Mubadalah.id – Dalam naskah Cerita Purwaka Caruban Nagari (CPCN) pada tahun 1720 yang ditulis oleh Pengeran Arya Cerbon, Nyai Subang Larang memiliki nama asli Kubang Kencana Ningrum. Ia lahir pada 1404 M. Ayahnya adalah seorang penguasa syahbandar pelabuhan Muara Jati yang bernama Ki Gedeng Tapa. Pelabuhan Muara Jati adalah pelabuhan besar dan aset penting yang ada di Utara Jawa Barat pada saat itu.

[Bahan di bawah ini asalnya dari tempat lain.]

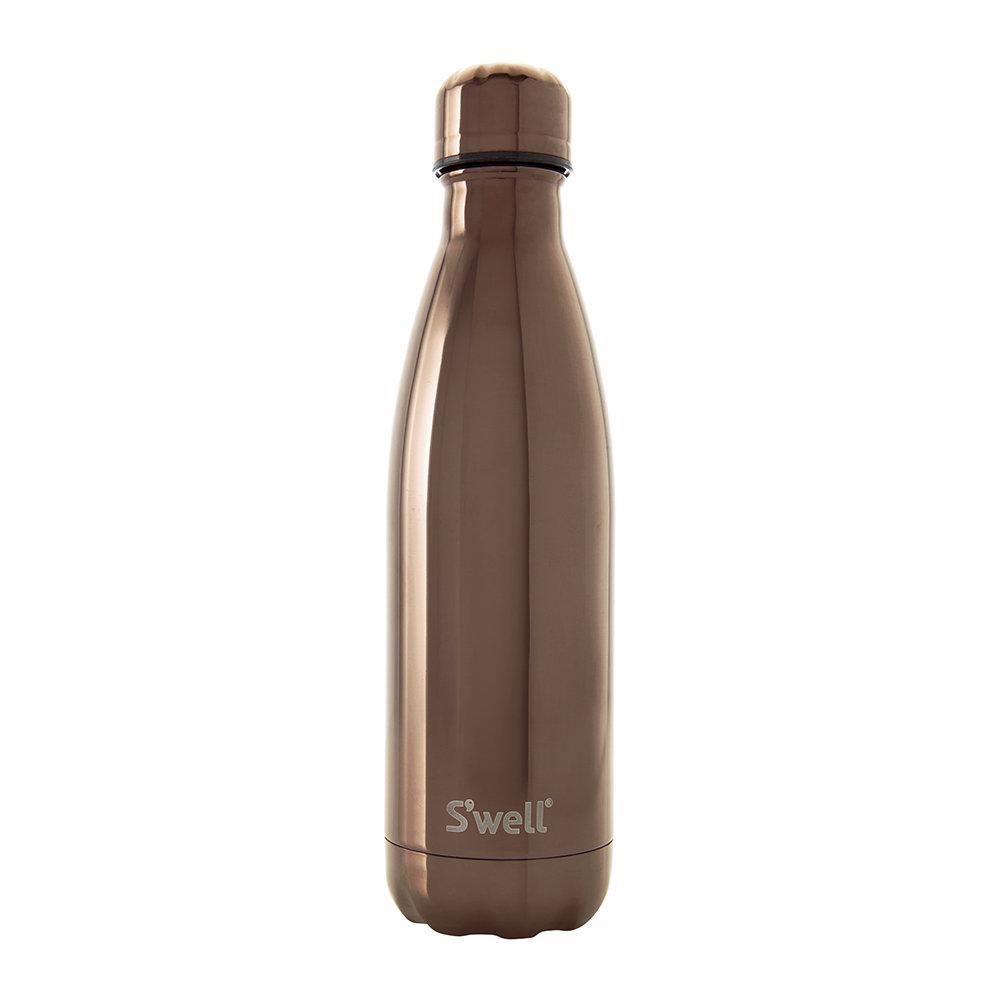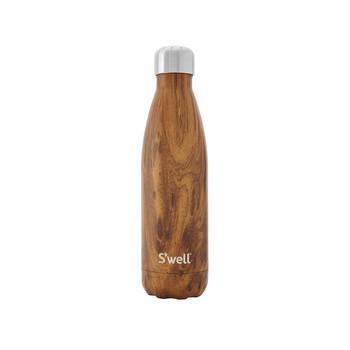The first image is the image on the left, the second image is the image on the right. For the images displayed, is the sentence "the bottle on the left image has a wooden look" factually correct? Answer yes or no. No.

Pada tahun 1418, terdapat seorang ulama Islam yang berasal dari Campa, (sebuah wilayah yang dekat dengan perbatasan Vietnam dan Kamboja). Beliau bernama Syekh Hasanuddin Yusuf Siddik atau Syekh Mursahadatillah alias Syekh Qurotil Ain. Menurut Heri Hidayat (2020), masih ada garis keturunan dengan Syekh Jamaluddin ulama besar Makkah keturunan dari Sayidina Hussen Bin Sayidina Ali Ra dan Siti Fatimah putri Rasulullah SAW.
Beliau datang dari jalur air dengan menumpang kapal angkatan laut Tiongkok pimpinan Laksamana Muslim Cheng Ho. Di mana ia ditugaskan oleh Kaisar Yung Lo (Dinasti Ming). Beliau menuju ke Karawang dan mendirikan sebuah pesantren yang berada di daerah Pura, Desa Talagasari, Karawang pada tahun 1418. Pesantren itu bernama Pesantren Quro. Oleh karena itu, beliau memperoleh julukan Syekh Quro.
Pembuktian hal ini dengan penyebaran Islam di Jakarta, menurut budayawan Betawi , Ridwan Saidi, berawal dari berdirinya pesantren Quro di Karawang pada tahun 1418.
Nyai Subang Larang Nyantri di Syekh Quro
Ki Gedeng Tapa mulai belajar Islam dengan Syekh Quro. Setelah masuk Islam, barulah Ki Gedeng Tapa menitipkan Nyai Subang Larang kepada Syekh Quro selama dua tahun. Setelah selesai menimba ilmu di sana, perempuan yang bernama asli Kubang Kencana Ningrum tersebut diberi julukan Nyi Sub Ang Larang (pahlawan berkuda) oleh Syekh Quro.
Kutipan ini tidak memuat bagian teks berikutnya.